## What you have to do
Where the line with "Can you also draw 3D cuboids around every lemon" appears below, start writing out lines exactly, and finish with the line with "1. name: x y z sx sy sz roll pitch yaw", which is included; write out nothing else.

## Given data
• • • • • • •

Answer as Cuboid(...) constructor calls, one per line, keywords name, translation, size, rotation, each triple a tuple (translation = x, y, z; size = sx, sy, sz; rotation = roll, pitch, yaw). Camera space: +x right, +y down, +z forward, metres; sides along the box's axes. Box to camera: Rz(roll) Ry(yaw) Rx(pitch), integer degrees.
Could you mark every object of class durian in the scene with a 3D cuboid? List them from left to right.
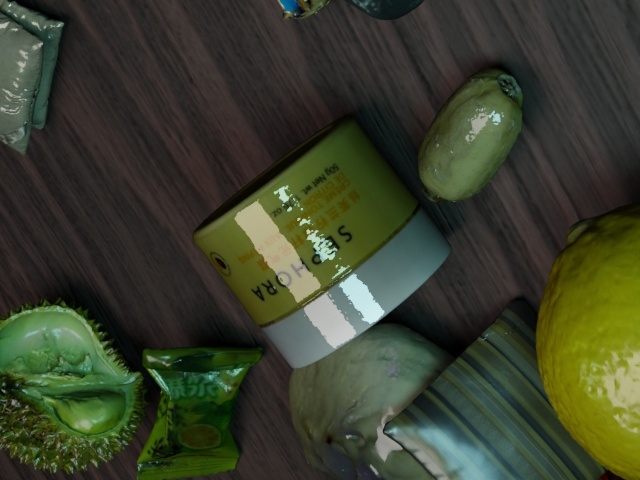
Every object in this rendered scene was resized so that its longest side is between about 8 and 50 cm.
Cuboid(name="durian", translation=(-0.341, 0.197, 2.302), size=(0.237, 0.200, 0.176), rotation=(40, 137, 3))

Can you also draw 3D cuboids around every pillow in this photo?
Cuboid(name="pillow", translation=(-0.378, -0.210, 2.120), size=(0.134, 0.078, 0.181), rotation=(33, 134, 13))
Cuboid(name="pillow", translation=(0.208, 0.205, 1.912), size=(0.208, 0.212, 0.052), rotation=(48, 168, -3))

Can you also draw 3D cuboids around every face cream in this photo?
Cuboid(name="face cream", translation=(0.000, 0.000, 1.890), size=(0.179, 0.218, 0.218), rotation=(53, 136, -6))

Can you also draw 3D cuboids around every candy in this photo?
Cuboid(name="candy", translation=(-0.162, 0.215, 2.251), size=(0.069, 0.149, 0.246), rotation=(-112, 25, -49))

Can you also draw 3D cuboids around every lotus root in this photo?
Cuboid(name="lotus root", translation=(0.145, -0.098, 1.803), size=(0.077, 0.090, 0.183), rotation=(19, 140, -13))

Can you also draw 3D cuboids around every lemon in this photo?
Cuboid(name="lemon", translation=(0.339, 0.099, 1.676), size=(0.293, 0.293, 0.293), rotation=(20, 131, 25))

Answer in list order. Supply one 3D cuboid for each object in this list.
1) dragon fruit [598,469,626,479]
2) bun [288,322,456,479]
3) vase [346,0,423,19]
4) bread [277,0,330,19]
Cuboid(name="dragon fruit", translation=(0.321, 0.324, 1.979), size=(0.122, 0.092, 0.192), rotation=(30, 134, 16))
Cuboid(name="bun", translation=(0.078, 0.218, 2.034), size=(0.273, 0.168, 0.273), rotation=(27, 139, 27))
Cuboid(name="vase", translation=(-0.027, -0.352, 1.702), size=(0.321, 0.173, 0.173), rotation=(31, 135, 22))
Cuboid(name="bread", translation=(-0.031, -0.280, 1.830), size=(0.106, 0.053, 0.072), rotation=(53, 159, -5))
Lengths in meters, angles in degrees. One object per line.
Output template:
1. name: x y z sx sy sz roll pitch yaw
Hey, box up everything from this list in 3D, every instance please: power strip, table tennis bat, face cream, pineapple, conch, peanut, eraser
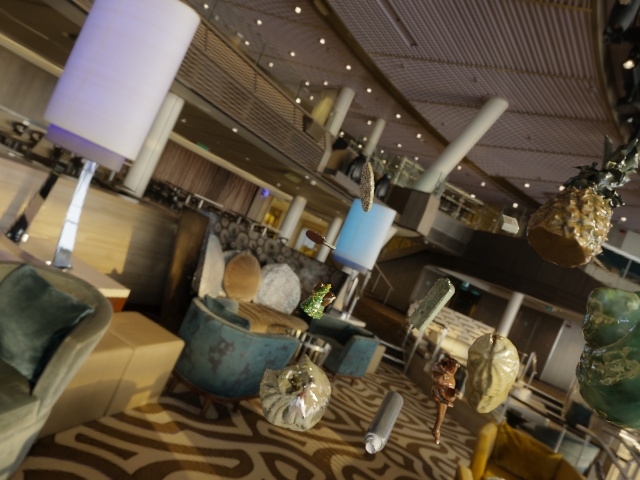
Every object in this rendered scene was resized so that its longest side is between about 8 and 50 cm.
1. power strip: 0.379 0.228 1.427 0.029 0.227 0.080 29 14 -23
2. table tennis bat: 0.000 0.000 1.021 0.083 0.007 0.050 32 -28 -5
3. face cream: 0.219 0.628 1.435 0.073 0.073 0.283 24 21 19
4. pineapple: 0.482 -0.073 0.742 0.128 0.248 0.128 39 -12 10
5. conch: 0.308 0.111 0.333 0.188 0.122 0.176 13 6 15
6. peanut: 0.488 0.393 1.202 0.149 0.149 0.313 23 -36 29
7. eraser: 0.467 -0.042 1.026 0.038 0.019 0.083 19 25 13

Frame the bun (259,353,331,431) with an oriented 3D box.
1. bun: -0.091 0.563 1.530 0.281 0.282 0.205 24 -25 11

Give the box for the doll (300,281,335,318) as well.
1. doll: -0.013 0.177 1.231 0.076 0.113 0.078 -1 35 -45

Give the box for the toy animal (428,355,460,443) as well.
1. toy animal: 0.333 0.436 1.123 0.066 0.224 0.230 3 -21 2

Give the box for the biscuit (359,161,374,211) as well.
1. biscuit: 0.136 -0.155 1.209 0.020 0.152 0.152 0 1 -6
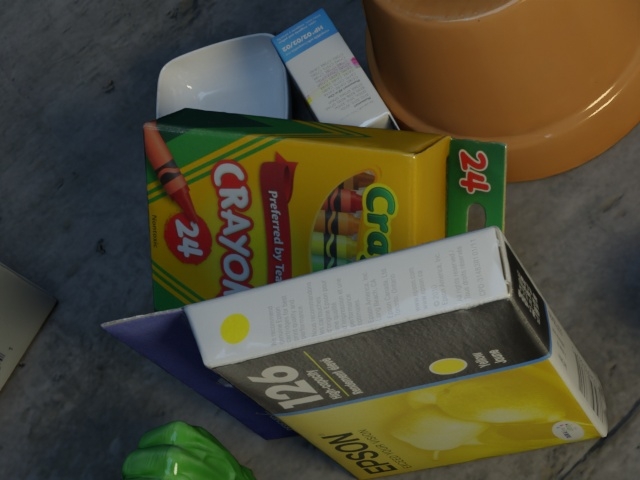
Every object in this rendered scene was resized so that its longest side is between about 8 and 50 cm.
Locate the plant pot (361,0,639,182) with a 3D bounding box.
[{"bbox_3d":[0.156,-0.223,1.257,0.290,0.203,0.291,-9,65,20],"label":"plant pot"}]

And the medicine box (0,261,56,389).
[{"bbox_3d":[-0.463,0.092,1.417,0.289,0.149,0.263,25,79,30],"label":"medicine box"}]

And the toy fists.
[{"bbox_3d":[-0.147,0.289,1.190,0.096,0.142,0.279,10,71,27],"label":"toy fists"}]

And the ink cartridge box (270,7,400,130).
[{"bbox_3d":[0.028,-0.113,1.317,0.061,0.104,0.181,-30,58,1],"label":"ink cartridge box"}]

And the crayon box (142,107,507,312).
[{"bbox_3d":[0.000,0.000,1.234,0.318,0.081,0.202,7,109,27],"label":"crayon box"}]

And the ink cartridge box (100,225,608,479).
[{"bbox_3d":[0.038,0.110,1.097,0.307,0.303,0.072,-16,61,17],"label":"ink cartridge box"}]

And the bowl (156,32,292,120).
[{"bbox_3d":[-0.089,-0.126,1.408,0.142,0.053,0.142,-14,62,19],"label":"bowl"}]
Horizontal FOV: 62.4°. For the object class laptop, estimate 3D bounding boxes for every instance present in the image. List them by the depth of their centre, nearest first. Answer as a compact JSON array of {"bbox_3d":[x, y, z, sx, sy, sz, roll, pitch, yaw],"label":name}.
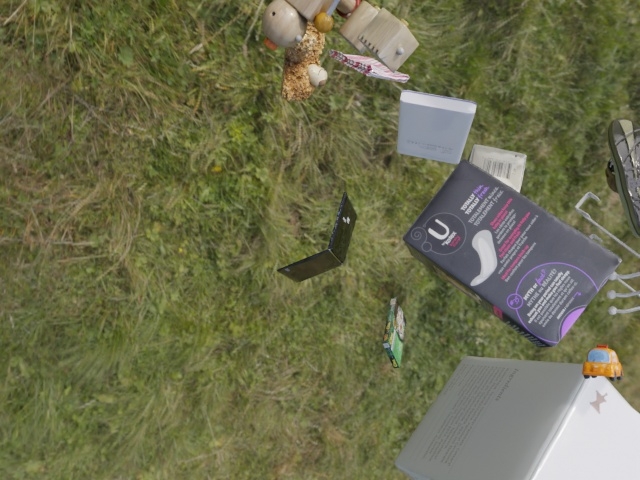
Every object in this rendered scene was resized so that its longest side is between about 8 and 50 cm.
[{"bbox_3d":[0.000,0.000,1.574,0.234,0.136,0.265,48,57,-73],"label":"laptop"}]

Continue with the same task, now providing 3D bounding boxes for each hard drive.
[{"bbox_3d":[0.344,-0.339,1.620,0.319,0.210,0.040,70,34,-71],"label":"hard drive"}]

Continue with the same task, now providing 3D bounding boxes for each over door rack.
[{"bbox_3d":[0.721,0.075,1.288,0.108,0.324,0.239,-31,142,9],"label":"over door rack"}]

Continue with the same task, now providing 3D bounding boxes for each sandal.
[{"bbox_3d":[0.740,-0.151,1.284,0.120,0.086,0.303,-1,82,-19],"label":"sandal"}]

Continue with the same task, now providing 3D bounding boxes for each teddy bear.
[{"bbox_3d":[-0.027,-0.506,1.276,0.113,0.245,0.338,5,94,-6],"label":"teddy bear"}]

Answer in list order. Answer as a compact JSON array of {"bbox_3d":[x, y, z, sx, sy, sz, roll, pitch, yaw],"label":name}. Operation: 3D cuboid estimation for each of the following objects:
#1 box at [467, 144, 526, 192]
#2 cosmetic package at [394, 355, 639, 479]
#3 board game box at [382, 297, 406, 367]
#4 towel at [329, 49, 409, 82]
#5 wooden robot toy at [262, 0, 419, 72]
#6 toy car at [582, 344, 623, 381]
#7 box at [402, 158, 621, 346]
[{"bbox_3d":[0.355,-0.097,1.167,0.275,0.113,0.094,76,29,-69],"label":"box"},{"bbox_3d":[0.439,0.475,1.104,0.329,0.393,0.327,46,68,-9],"label":"cosmetic package"},{"bbox_3d":[0.292,0.357,2.065,0.030,0.260,0.136,-11,119,23],"label":"board game box"},{"bbox_3d":[0.131,-0.477,1.430,0.144,0.197,0.029,-3,123,-36],"label":"towel"},{"bbox_3d":[-0.008,-0.176,0.416,0.079,0.173,0.076,-48,164,14],"label":"wooden robot toy"},{"bbox_3d":[0.350,0.138,0.586,0.060,0.122,0.041,8,78,-31],"label":"toy car"},{"bbox_3d":[0.290,0.024,0.838,0.165,0.270,0.143,-52,162,0],"label":"box"}]

• • • • • • •

## Reply
Can you also draw 3D cuboids around every lemon in this photo?
Cuboid(name="lemon", translation=(0.339, 0.099, 1.676), size=(0.293, 0.293, 0.293), rotation=(20, 131, 25))

Answer in list order. Supply one 3D cuboid for each object in this list.
1) dragon fruit [598,469,626,479]
2) bun [288,322,456,479]
3) vase [346,0,423,19]
4) bread [277,0,330,19]
Cuboid(name="dragon fruit", translation=(0.321, 0.324, 1.979), size=(0.122, 0.092, 0.192), rotation=(30, 134, 16))
Cuboid(name="bun", translation=(0.078, 0.218, 2.034), size=(0.273, 0.168, 0.273), rotation=(27, 139, 27))
Cuboid(name="vase", translation=(-0.027, -0.352, 1.702), size=(0.321, 0.173, 0.173), rotation=(31, 135, 22))
Cuboid(name="bread", translation=(-0.031, -0.280, 1.830), size=(0.106, 0.053, 0.072), rotation=(53, 159, -5))
Lengths in meters, angles in degrees. One object per line.
Output template:
1. name: x y z sx sy sz roll pitch yaw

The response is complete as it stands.